They just yellow carded someone for spilling a drink because it was a party foul. Love germans.
They called security on the security guard who tried to break up the party in their suite. You tell me how drunk they were.
hes out at the street wearing a tophat and a monocole and carrying a cane and greeting every car that drives by
he just went across the street and into someones house and we could hear him inviting them over from the front porch
I just found a tail you can wear naked. Via a butt plug. Who ever said the internet was a good thing?
I'm not mad at you for letting me use my air mattress as a toilet, i'm mad at you for letting me lay back down on it.
i asked the cop if we could stop and do a chinese firedrill.... he said no.
Lesson learned the hard way.

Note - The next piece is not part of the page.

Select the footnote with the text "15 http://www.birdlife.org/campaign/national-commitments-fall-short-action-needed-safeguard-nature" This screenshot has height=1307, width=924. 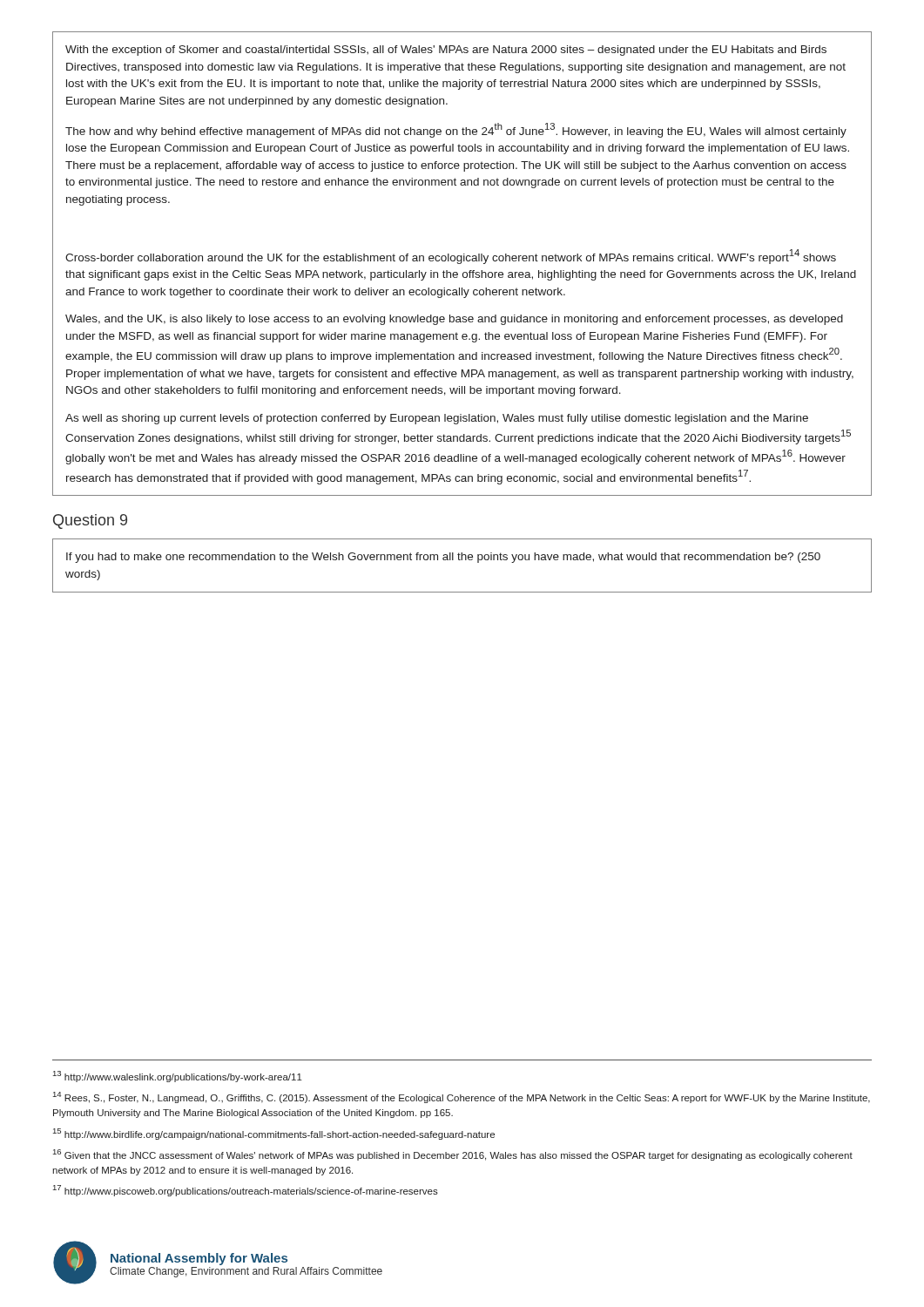[462, 1133]

If it's a "no" on a dating site, it's also a no if you ever run into the person anyplace in public. It's a slap if you mention wanting to poke.
If the river was whiskey, it would be the best river ever.
That would be a mascot riding an ATV at a semi-professional hockey game, if that doesn't sum up how I've been I don't know what could
Everyone is out there getting real jobs and I just realized I've been "washing" my clothes with fabric softener for two months.
My passport was stamped in Canada two weeks ago. One step closer to uncovering wtf happened that night
He sent me a 2am email the just said "Ping". Nerdiest booty call ever.
We're not ready for visitors right now.
wtf? who's we?
The Royal We: Me, My Vag, and I.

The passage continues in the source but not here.